Wen Shizhen (溫世珍 (温世珍, Wēn Shìzhēn, Wen Shih-chen); 1877–1951), also known as S. T. Wen, was a politician and diplomat in the Republic of China. He was Mayor of Tianjin during the Provisional Government of the Republic of China and the Wang Jingwei regime (Republic of China-Nanjing). His courtesy name was Peishan (佩珊). He was born in Tianjin.

==Beijing government==

Wen Shizhen graduated from the Beiyang Naval College (北洋水師學堂) in 1898. He served for 4 years in the Chinese Navy as a lieutenant while he went to the United Kingdom for training. Later he transferred to the staff of Li Hongzhang. In 1906 he was appointed a secretary for foreign affairs to the Viceroy of Liangguang.

In 1913 Wen Shizhen was appointed advisor in foreign affairs to the Military Governor (Dudu; 都督) Zhejiang. In 1916 he was given an additional post as High Diplomatic Advisor to the Military Governor Jiangxi Li Chun (李純).
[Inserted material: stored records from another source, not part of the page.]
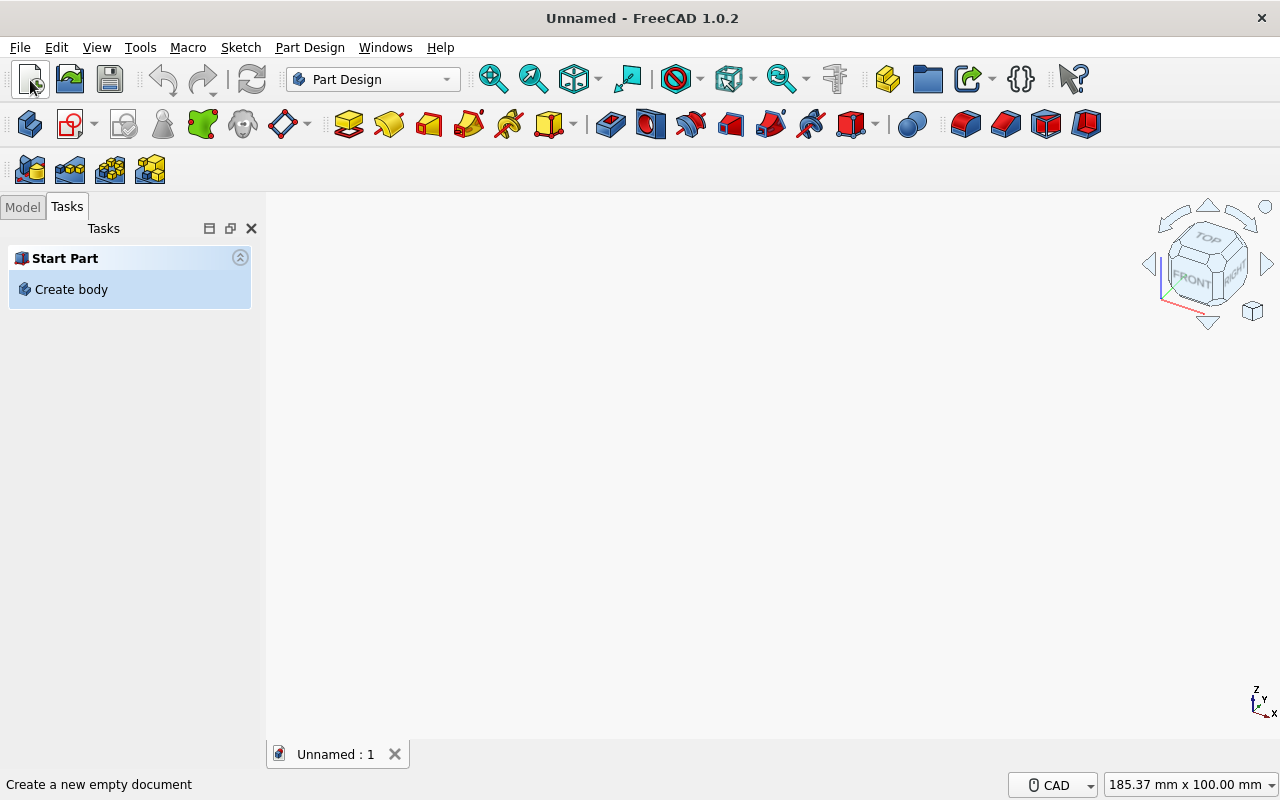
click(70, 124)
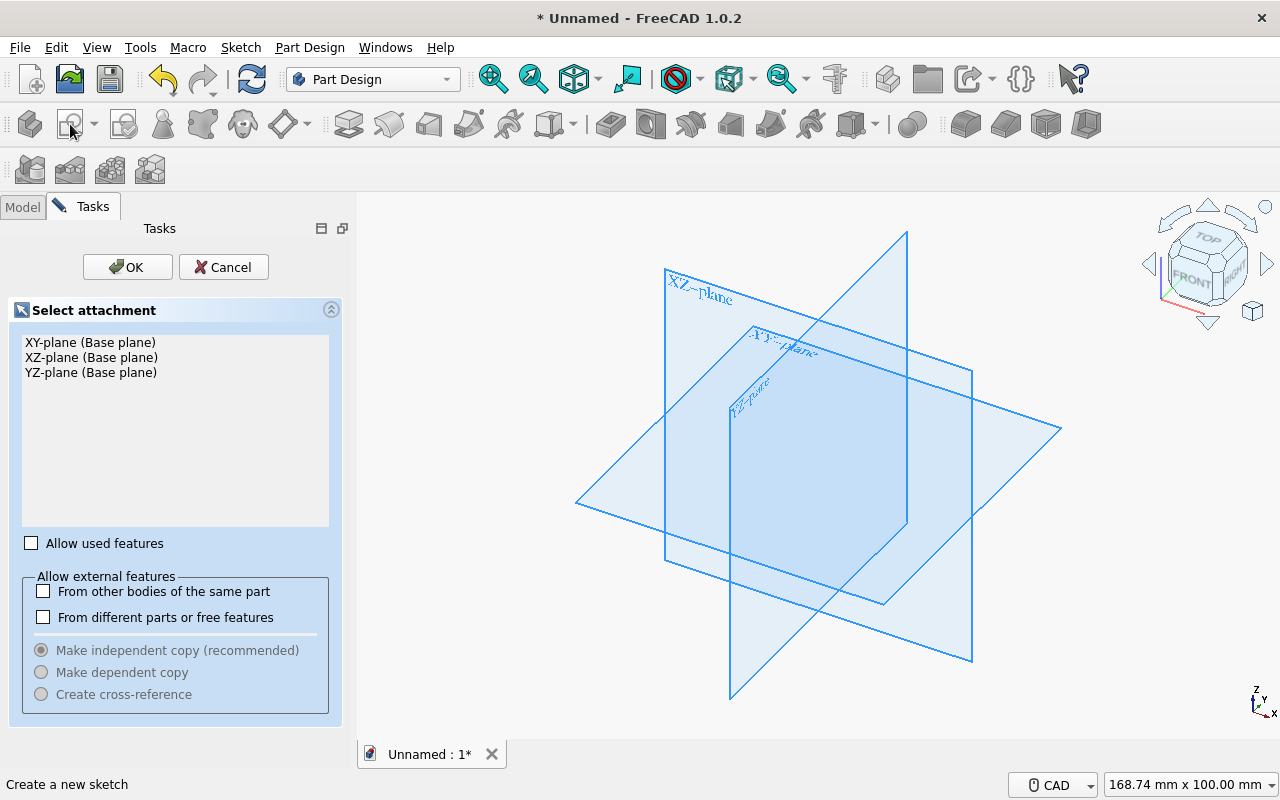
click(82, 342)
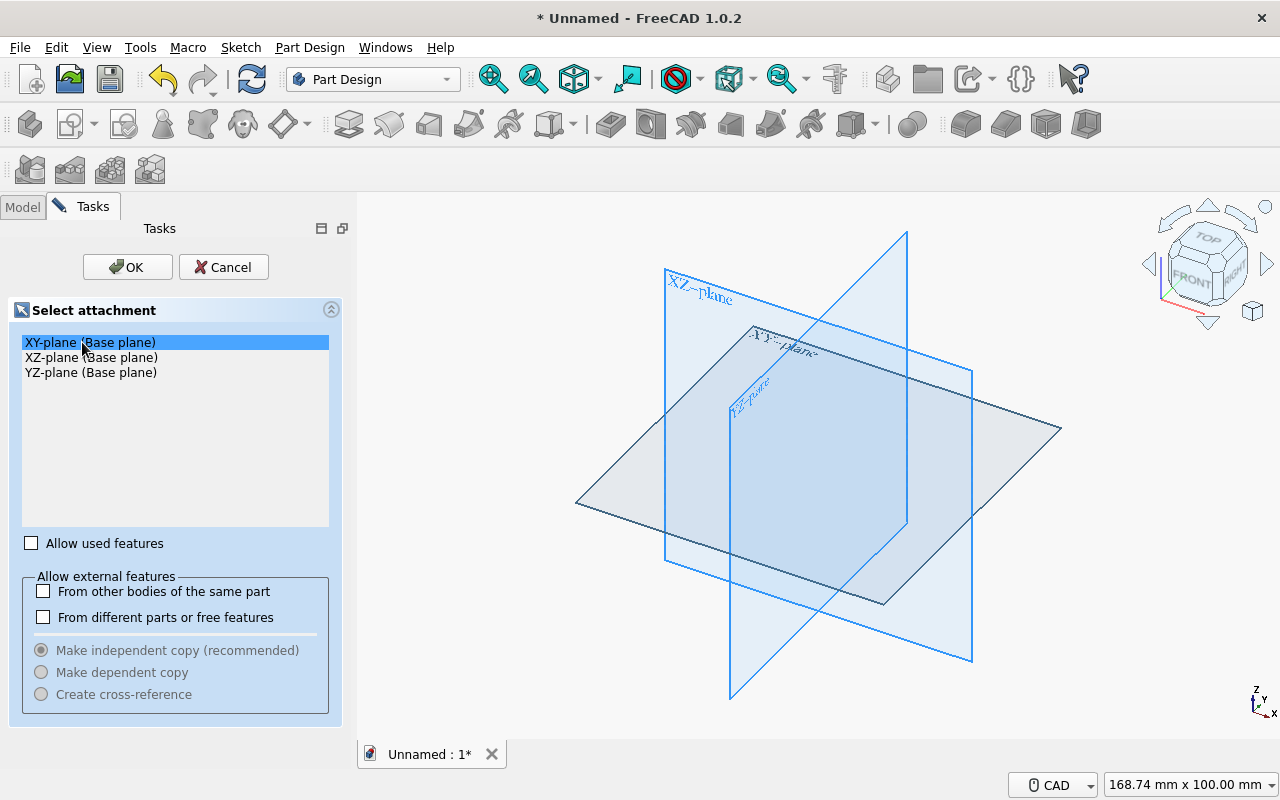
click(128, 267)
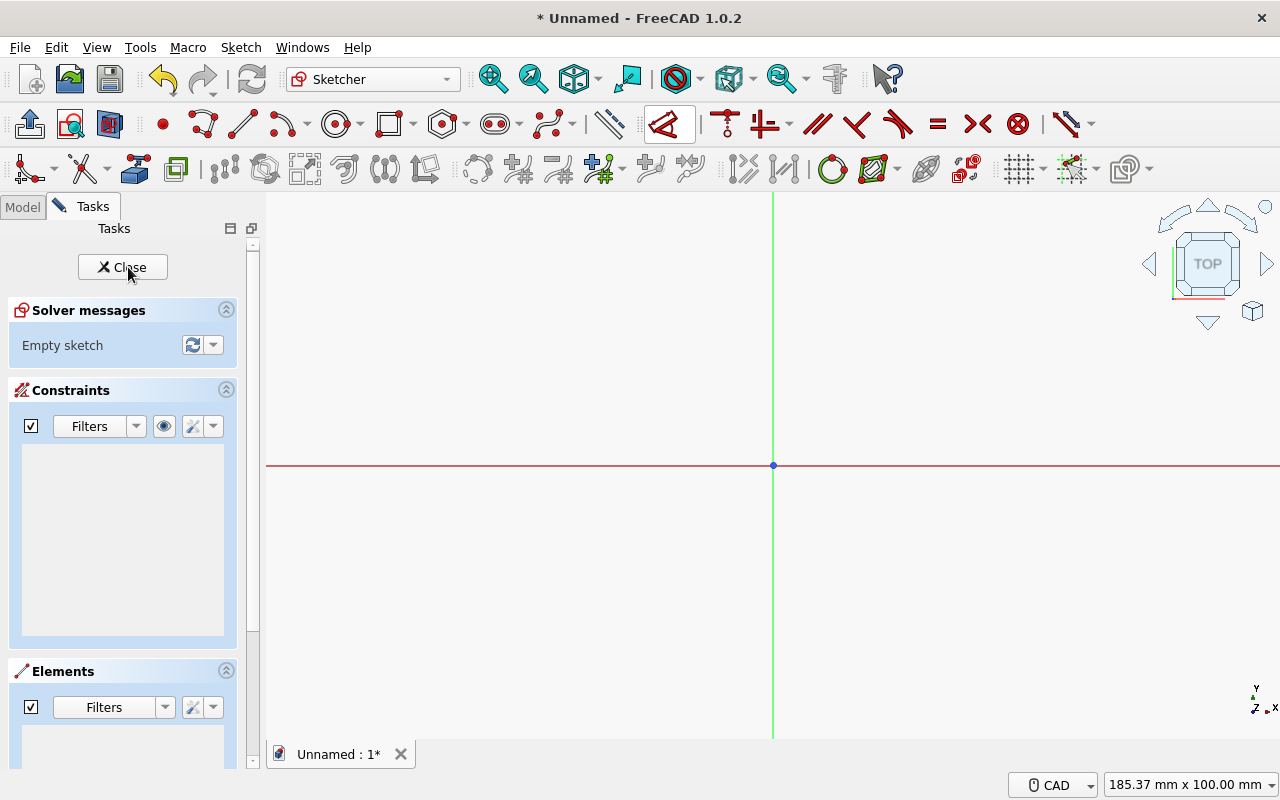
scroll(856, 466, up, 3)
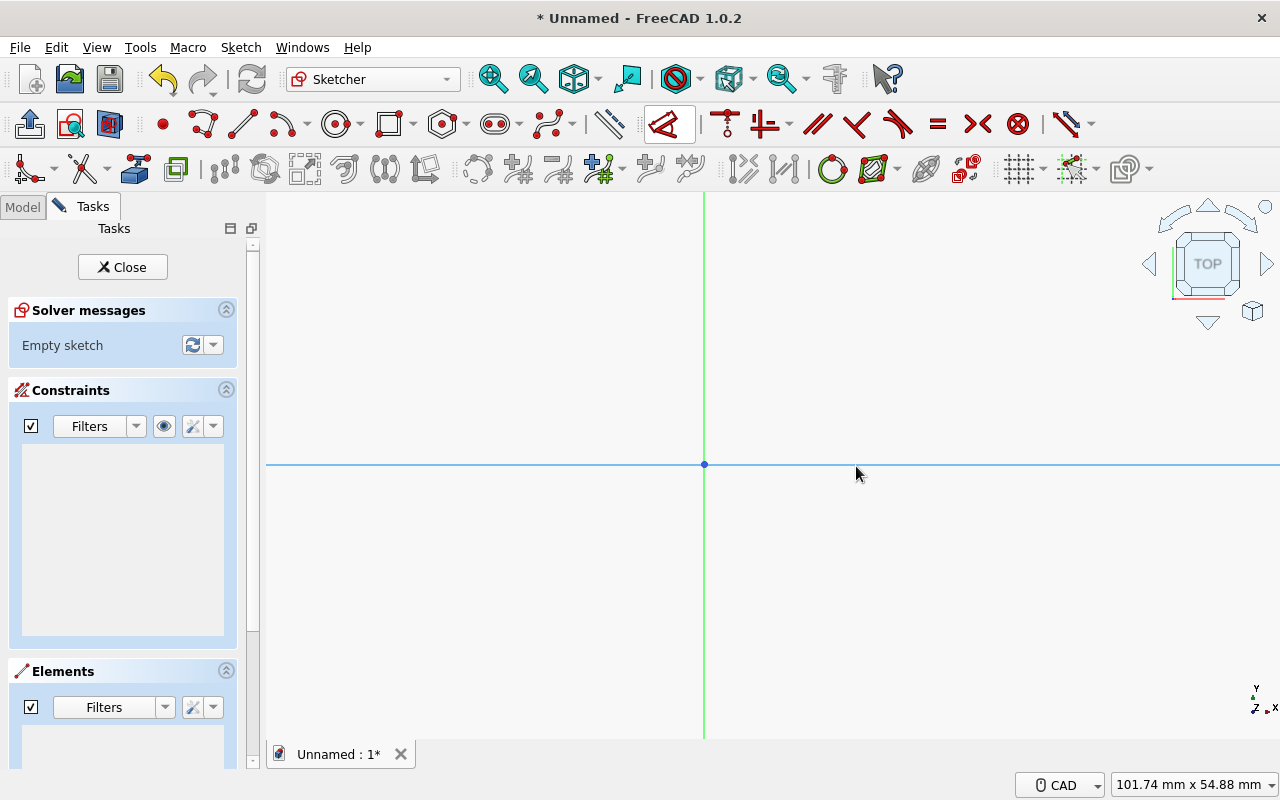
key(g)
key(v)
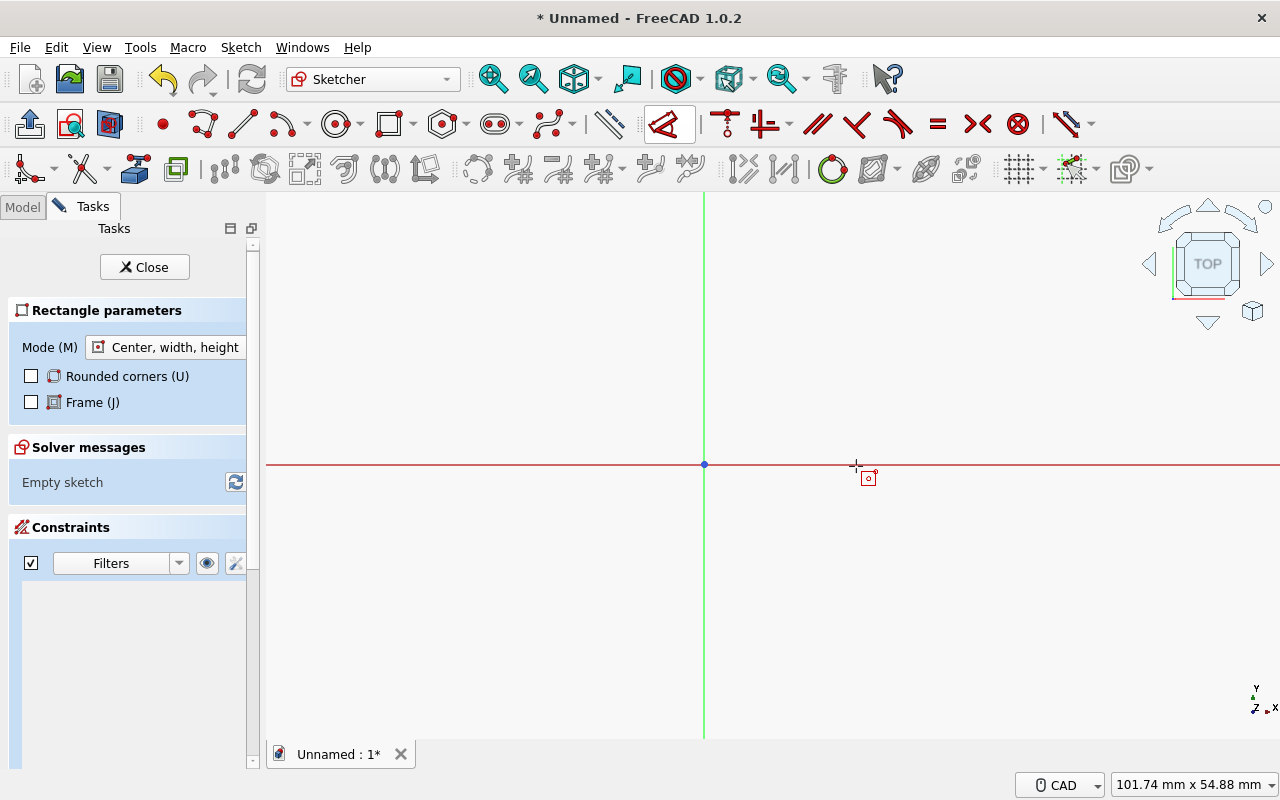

In August 1917 Li Chun became Military Governor Jiangsu; Wen accompanied him. In October 1920 he was appointed Superintendent of Customs of Nanjing. The next month he became concurrently Commissioner of Foreign Affairs in Nanjing. The next year he became a member of the Chinese Delegation to the Washington Naval Conference as the honorary councilor.

In 1923 Wen Shizhen was treated as an ambassador extraordinary and plenipotentiary. With the Zhili clique's support, Wen was appointed Commissioner of Foreign Affairs and concurrently Superintendent of Customs of Shanghai in September 1924. That year the Zhili clique was beaten by the Fengtian clique in the Second Zhili–Fengtian War, and Wen was invited by the Fengtian clique's Military Governor Yang Yuting. Later the National Revolutionary Army occupied Shanghai, so Wen defected to Japan, and retired from political life for a while.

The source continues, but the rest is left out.